Freefall into snow In the movie Frozen, the following dialogue takes place:

Anna: "It's a hundred-foot drop."
Kristoff: "It's two hundred."
Anna: "Okay, what if we fall?"
Kristoff: "There's 20 feet of fresh powder down there. It will be like landing on a pillow... Hopefully.

Then they fall all the way to the bottom and survive.
My question is this: would this be actually possible? My instinct tells me no, but I'm too awful at physics to back it.
 A: As a very rude guess, fresh snow (see page vi) can have a density of $0.3 \ \mathrm{g/cm^3}$ and be compressed all the way to about the density of ice, $0.9\ \mathrm{ g/cm^3}$.
Under perfect conditions you could see a 13 feet uniform deceleration when landing in 20 feet of snow, or about 4 meters.

Going from $30\ \mathrm{m/s}$ to $0\ \mathrm{m/s}$ (as @Sean suggested in comments), you'd have $(\frac{4\ \mathrm m}{12.5\ \mathrm{m/s}})$ = 0.32 seconds to decelerate.
The acceleration is $\frac{30\ \mathrm{m/s}}{0.32\ \mathrm{s}}$ = $93.75\ \mathrm{m/s^2}$. That's about:
9.5G's of acceleration
Wikipedia lists 25g's as the point where serious injury/death can occur, and 215g's as the maximum a human has ever survived.
So it seems plausible.
But it should be noted that since the snow at the bottom is under a lot of pressure from the weight of the snow above, it's likely the density would not be $0.3\ \mathrm{g/cm^3}$ throughout. It would help that the force lasts only a fraction of a second.
Edit as pointed out in the comments, the force that the snow will exert could vary with its density. So initially, the force would be rather weak, and as you approach $0.9\ \mathrm{\frac{g}{cm^3}}$ that force would increase, probably exponentially. So the above answer is really a "best case scenario" when it comes to snow compressibility
A: @Señor O gives a very good answer, but he assumes an ideal deceleration.  Based on a viewing of the scene, Anna sinks a little under a meter, while Kristoff doesn't sink more than half a meter.

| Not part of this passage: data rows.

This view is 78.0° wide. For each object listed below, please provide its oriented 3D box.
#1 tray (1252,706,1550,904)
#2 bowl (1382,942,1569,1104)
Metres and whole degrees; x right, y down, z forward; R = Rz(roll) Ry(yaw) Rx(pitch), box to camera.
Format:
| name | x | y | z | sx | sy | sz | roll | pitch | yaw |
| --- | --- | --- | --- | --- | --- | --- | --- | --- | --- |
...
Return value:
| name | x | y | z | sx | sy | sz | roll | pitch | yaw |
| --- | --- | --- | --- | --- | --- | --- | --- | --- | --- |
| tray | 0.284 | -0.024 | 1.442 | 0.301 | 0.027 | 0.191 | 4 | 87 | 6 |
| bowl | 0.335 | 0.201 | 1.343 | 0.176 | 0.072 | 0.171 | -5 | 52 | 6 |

Since they fell about 200 feet (about 60 m), my initial estimate for their impact velocity is (assuming no air resistance):
$v = \sqrt{2gh} = \sqrt{2*60*9.8} \approx 35 \ \mathrm{m/s}$
However, using a handy chart found in the resource below, when we factor in air resistance, Anna and Kristoff's impact velocity is actually around $33 \ \mathrm{m/s}$
In Kristoff's case,
$v^2 = v_o^2 + 2a\Delta x$
$1100 = 2(0.5)a$
$1100\ \mathrm{ m/s^2} = a$
which is about $110g$.  Possibly fatal, especially considering that the way he lands would cause severe stress on the spinal cord.
In Anna's case,
$1100 = 2(1)a$
$550\ \mathrm{m/s^2 }= a$
which is about $55g$.  Probably survivable, (some car crashes experience higher gs), but would likely injure her.  She does land feet-first (probably the optimal way to land in this case), which would prevent some injury.  In short, the duo might survive, but they would not be able to just get up and continue on their merry way.
This FAA paper is my primary source for my calculations.

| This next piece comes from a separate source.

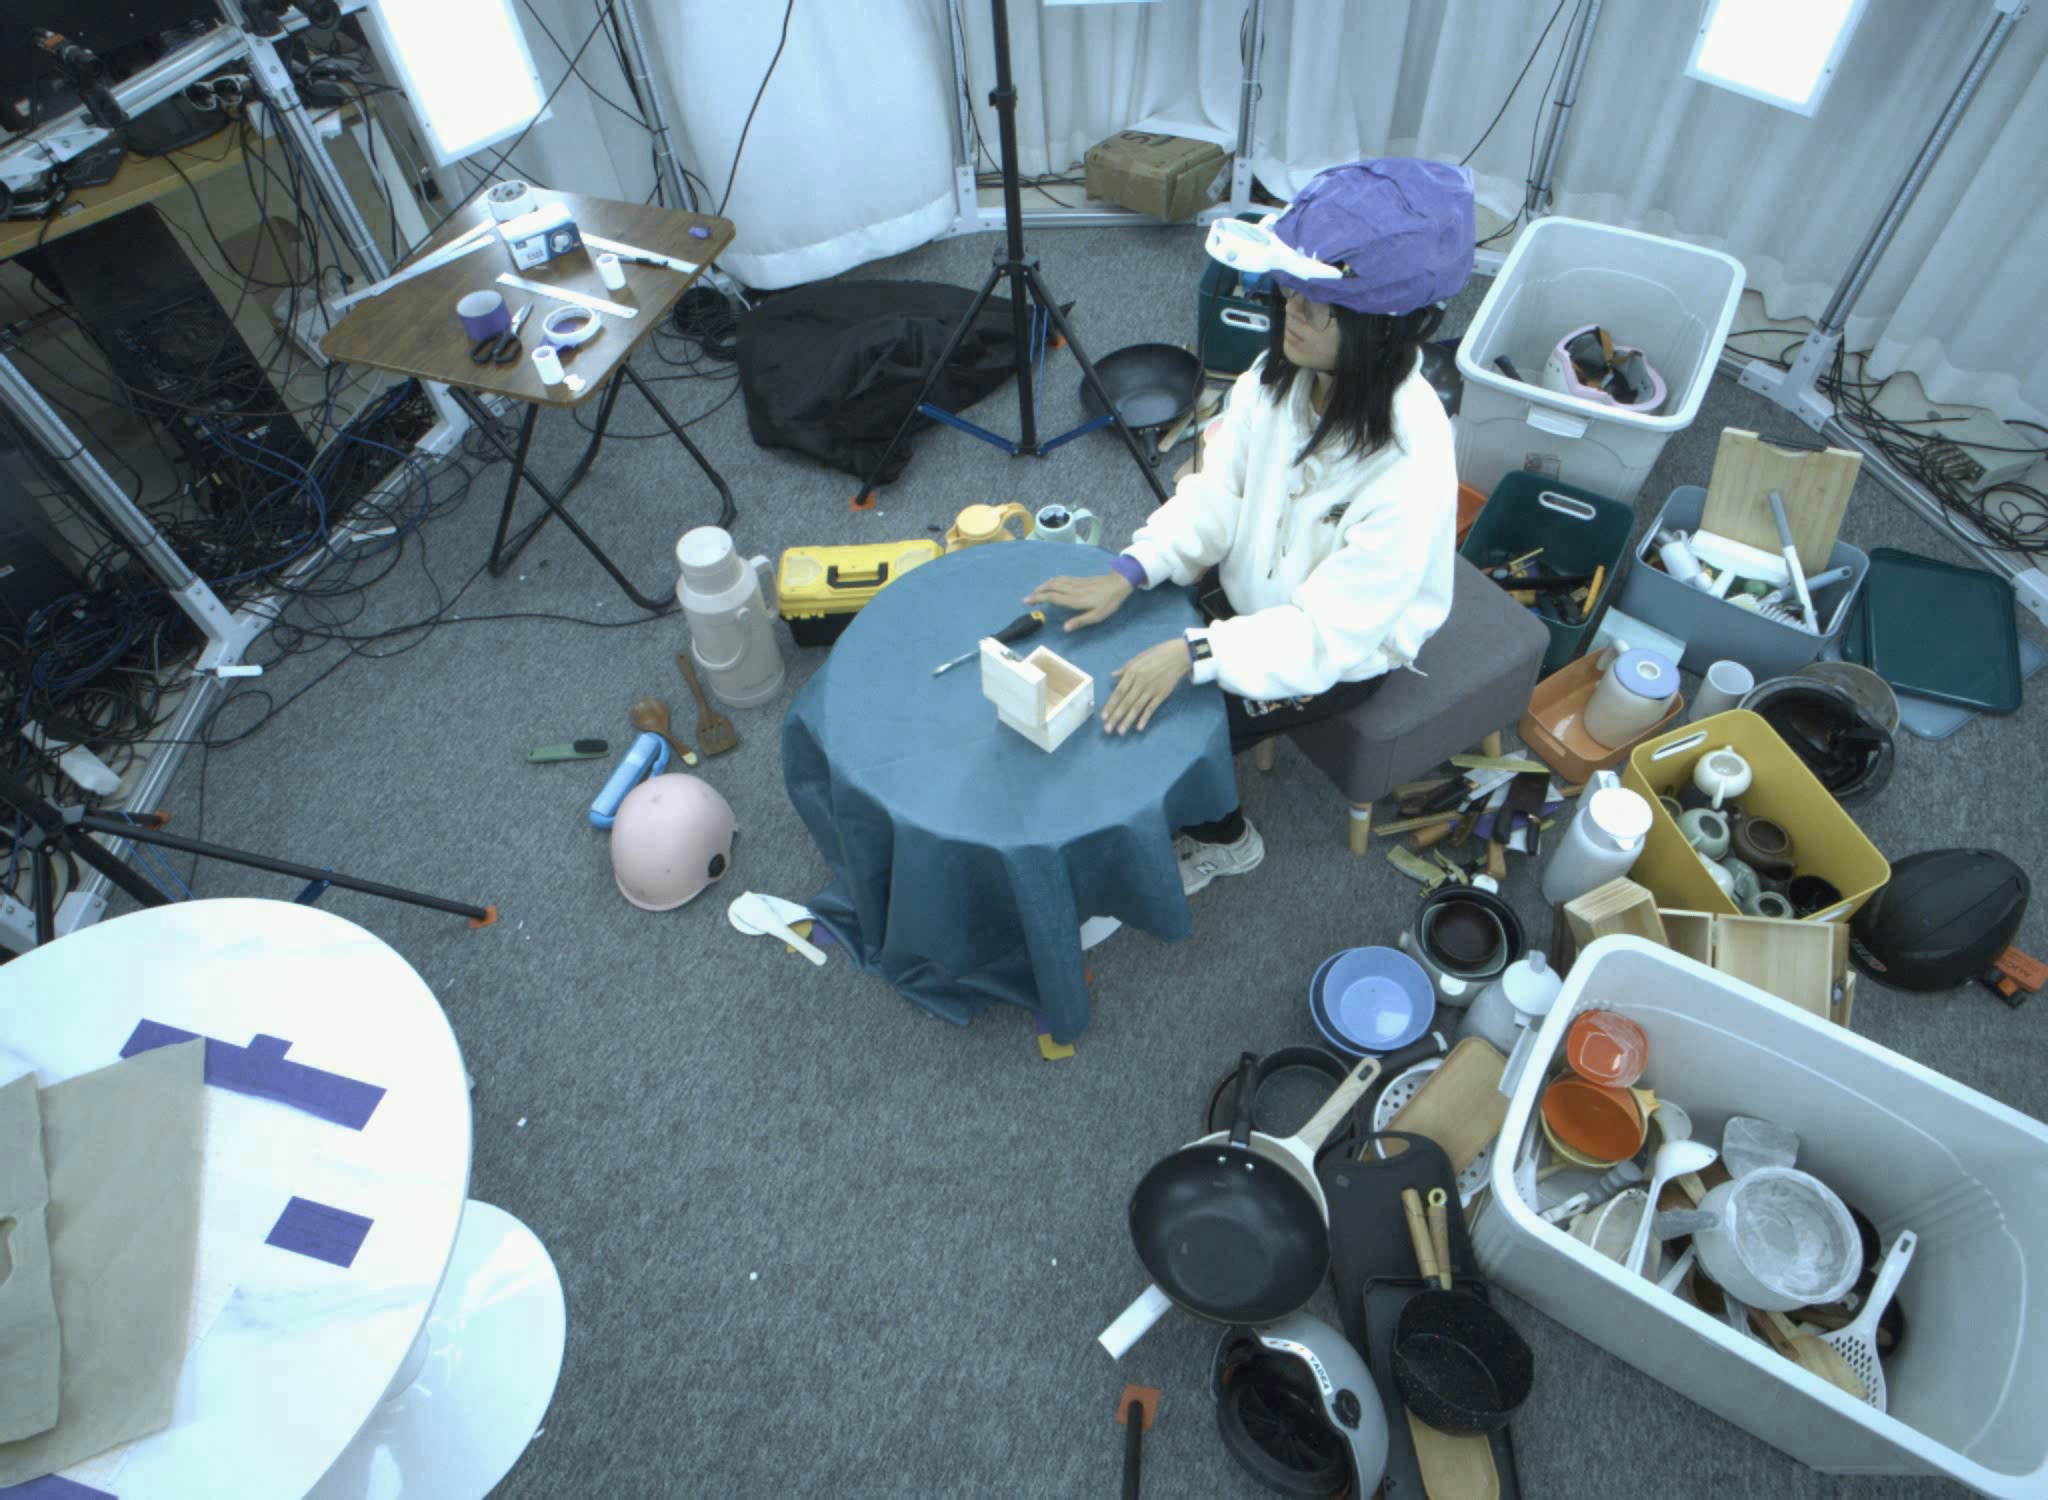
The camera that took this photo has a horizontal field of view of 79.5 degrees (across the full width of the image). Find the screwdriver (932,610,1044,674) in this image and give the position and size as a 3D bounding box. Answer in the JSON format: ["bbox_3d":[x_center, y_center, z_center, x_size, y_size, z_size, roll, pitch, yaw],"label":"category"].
[{"bbox_3d":[-0.057,-0.167,1.894,0.199,0.032,0.031,-26,58,-12],"label":"screwdriver"}]

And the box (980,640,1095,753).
[{"bbox_3d":[0.023,-0.099,1.743,0.101,0.186,0.134,33,63,24],"label":"box"}]

A: This is another chance to use one of my favorite approximations ever! I first offered it as an answer to a question about how deep a platform diver will go into the water. Now is the chance to use it again!

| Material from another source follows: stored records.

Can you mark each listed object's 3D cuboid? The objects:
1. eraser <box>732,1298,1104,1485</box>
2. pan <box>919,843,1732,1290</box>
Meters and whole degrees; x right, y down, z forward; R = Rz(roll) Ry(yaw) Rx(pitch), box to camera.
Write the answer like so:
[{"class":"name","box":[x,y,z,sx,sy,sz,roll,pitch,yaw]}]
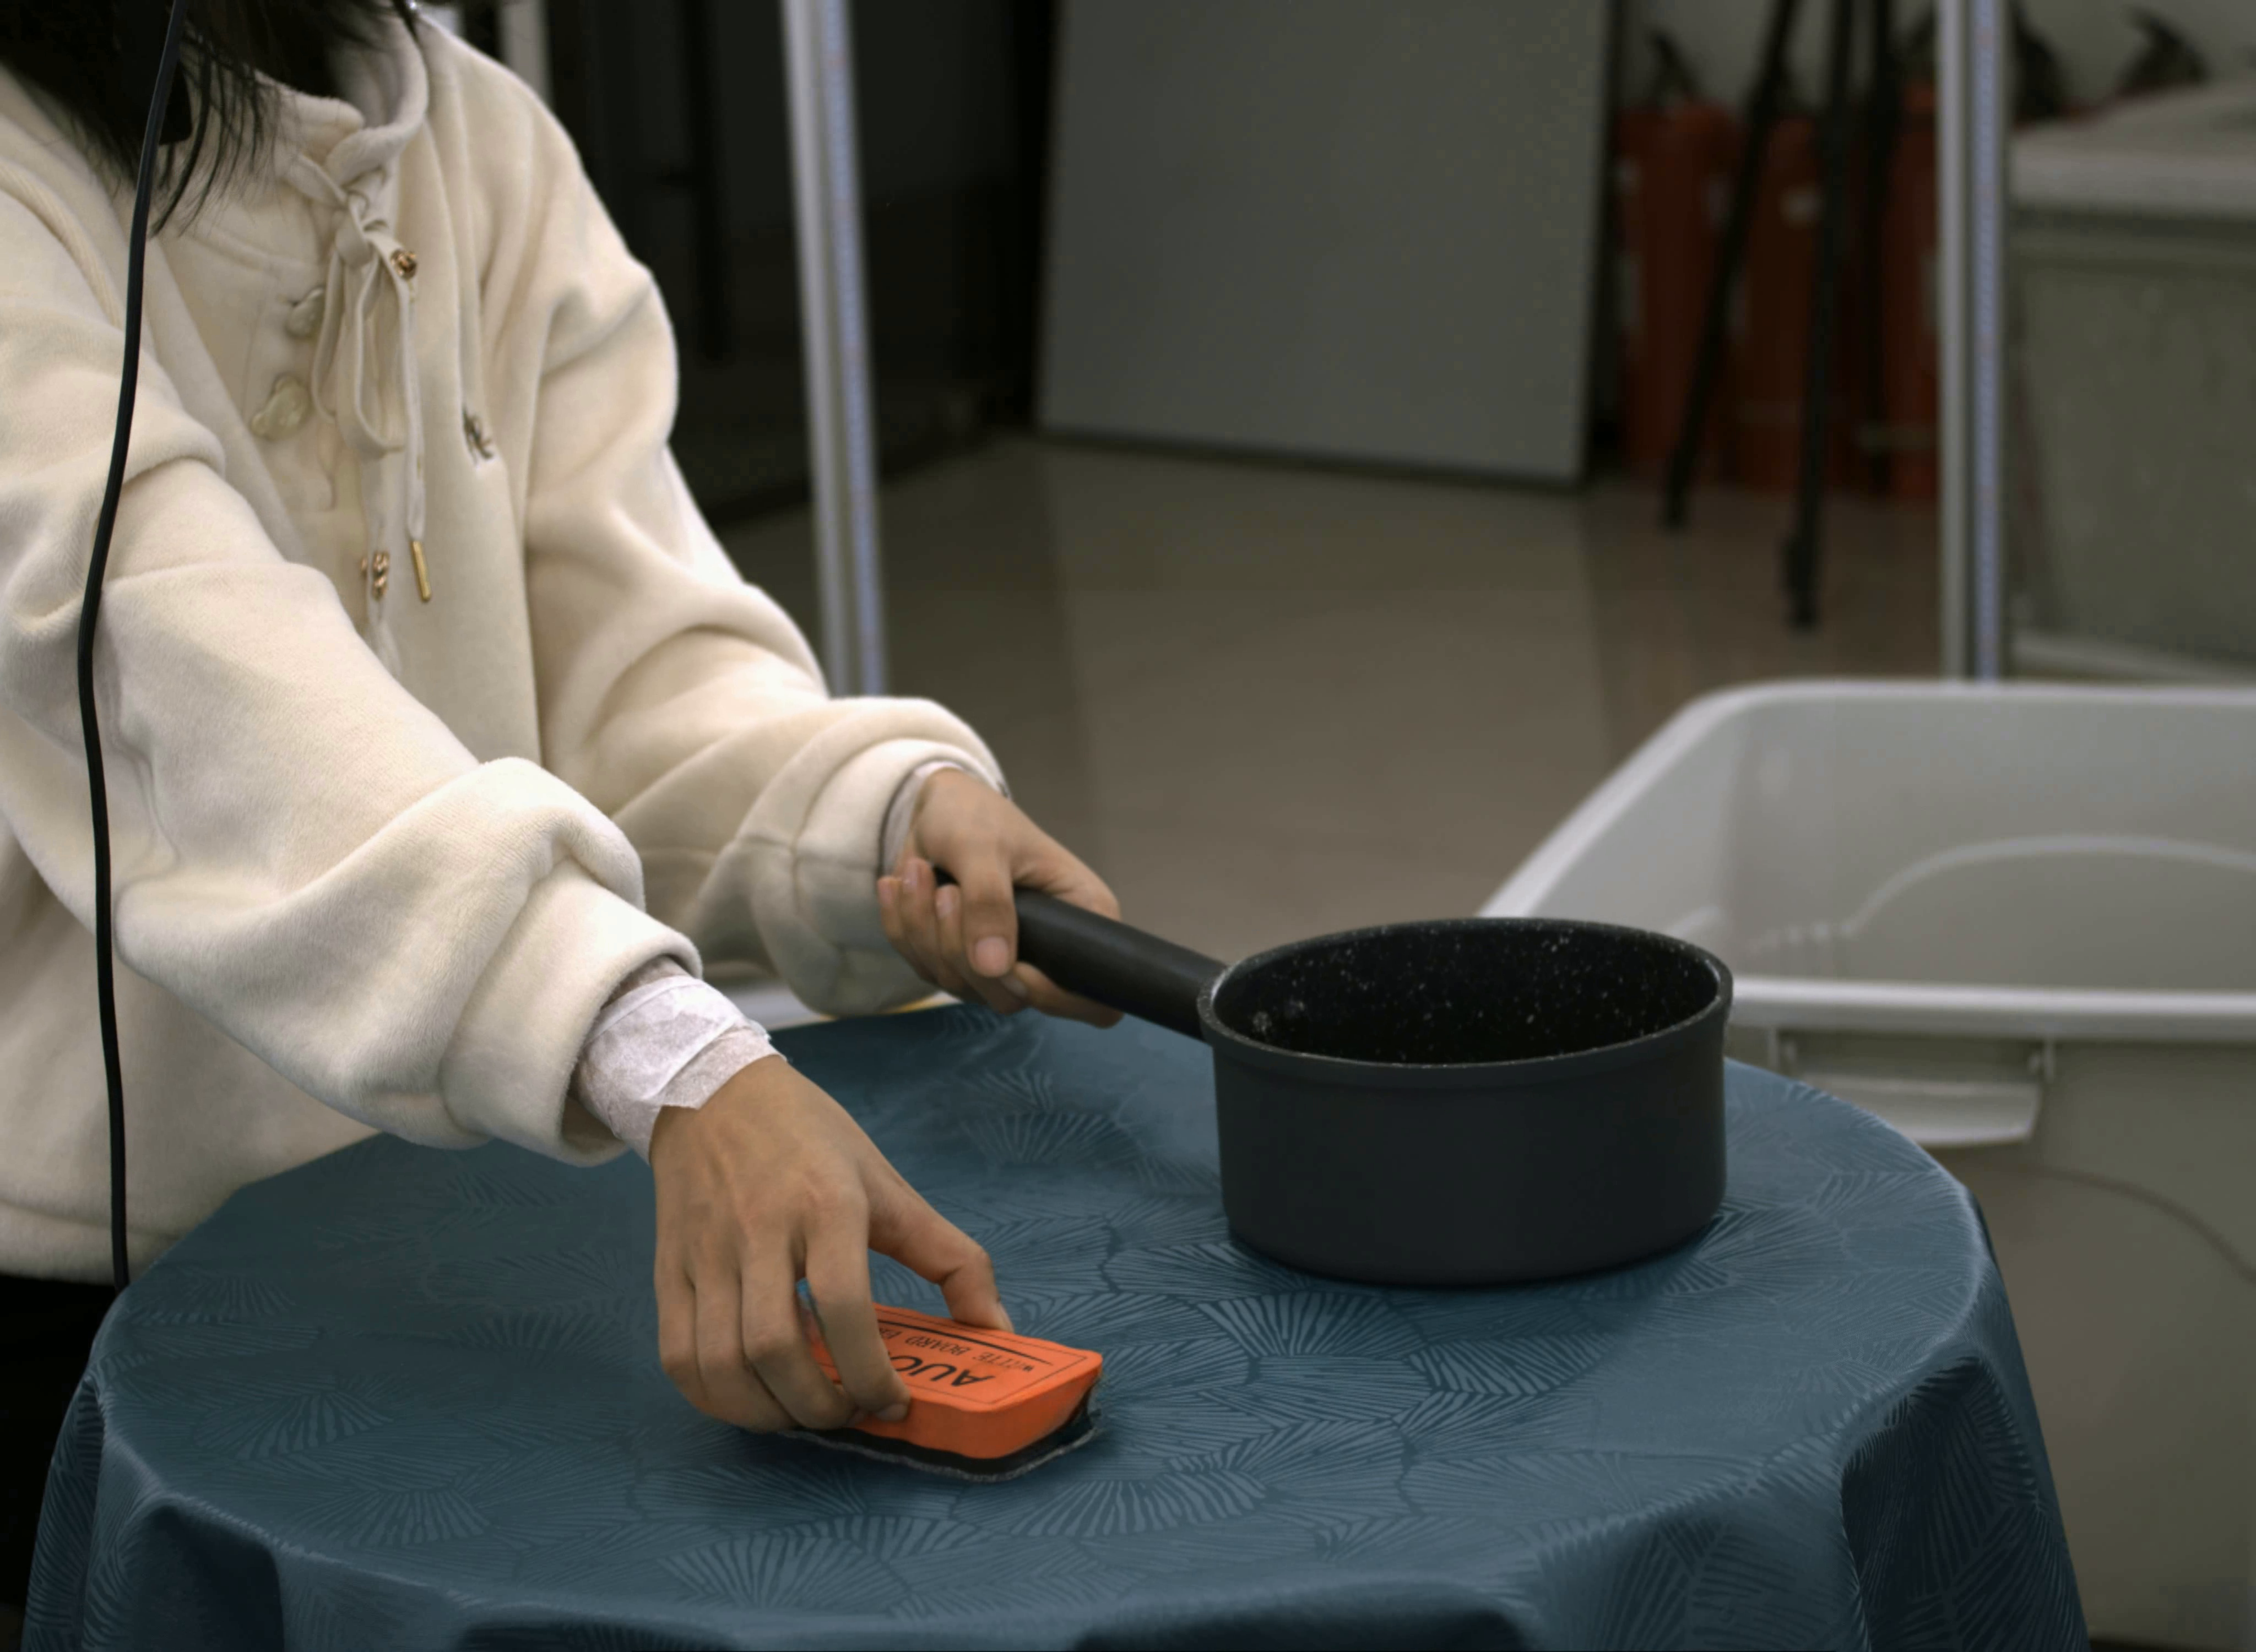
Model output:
[{"class":"eraser","box":[-0.061,0.163,1.567,0.109,0.023,0.058,9,19,42]},{"class":"pan","box":[0.053,0.073,1.771,0.168,0.087,0.332,-17,20,-42]}]

Issac Newton developed an expression for the ballistic impact depth of a body into a material. The original idea was expressed for materials of approximately equal densities when the ballistic body is moving fast enough for the target material to behave as a fluid (think cannon ball into dirt, meteorite into lunar regolith, etc). For a human body into snow, we can assume it will behave in a granular enough fashion.
The human body has a density of roughly $985 \ \mathrm{kg/m^3}$. Using the two limits for the density of snow provided in another answer to this question, snow has a density between $300$ and $900\ \mathrm{ kg/m^3}$. Let's assume the characters are 5 feet tall (you can easily change the number used, it's not a complicated formula). This gives us two limiting expressions:
$$d = 5 \times 985/300 = 16.4~\text{feet}$$
and
$$d = 5 \times 985/900 = 5.5~\text{feet}$$
So it really would depend on the actual density of the snow, but if you assume that it starts out around $300 \ \mathrm{kg/m^3}$ and can reach a maximum of $900\ \mathrm{ kg/m^3}$, we can assume that the final depth will be close to the same as assuming the average value as $600\ \mathrm{ kg/m^3}$ which would give:
$$d = 5 \times 985/600 = 8~\text{feet}$$
That will give you a pretty good idea of the penetration depths over that range of densities. These numbers are all pretty close to what is given assuming the ideal deceleration given by this answer.
If you want to do a much more complicated analysis of penetration depth, check out the other, more detailed answer to the platform diver question. There it is actually shown that the penetration depth approaches this Newtonian approximation pretty well! It is also interesting to note that the penetration depth does not depend on the impact velocity/original height. Assuming one is going "fast enough" for the material to behave like a fluid, the expression seems to hold.
A: Nice theoretical answers (I can certainly appreciate them, I'm a mathematician). But why delve into theory when experiment is available? In this video you can see a skier jump from more than 200 feet and get head first into the snow, without a helmet. 
The video starts with the aftermath, if you want to see the jump right away  fast forward to about 1 minute into it. 
A: About 50 years ago in Reader's Digest there was an article about a Soviet airplane pilot who bailed out at high altitude.  He fell into a snow-filled ravine and survived.  If the angle of the snow is high enough it is no big deal.  At Squaw Valley I have seen skiers do drops that might have been 100 feet.  If the landing is steep enough it is OK.  It is "flat landings" that will get you.
Rock climber Lynn Hill fell 100 feet onto a dirt slope.  She not only survived, she recovered completely.
Stunt men do quite high jumps onto airbags.  100 feet onto 20 feet of snow seems possible, but I wouldn't try it if I had any alternative.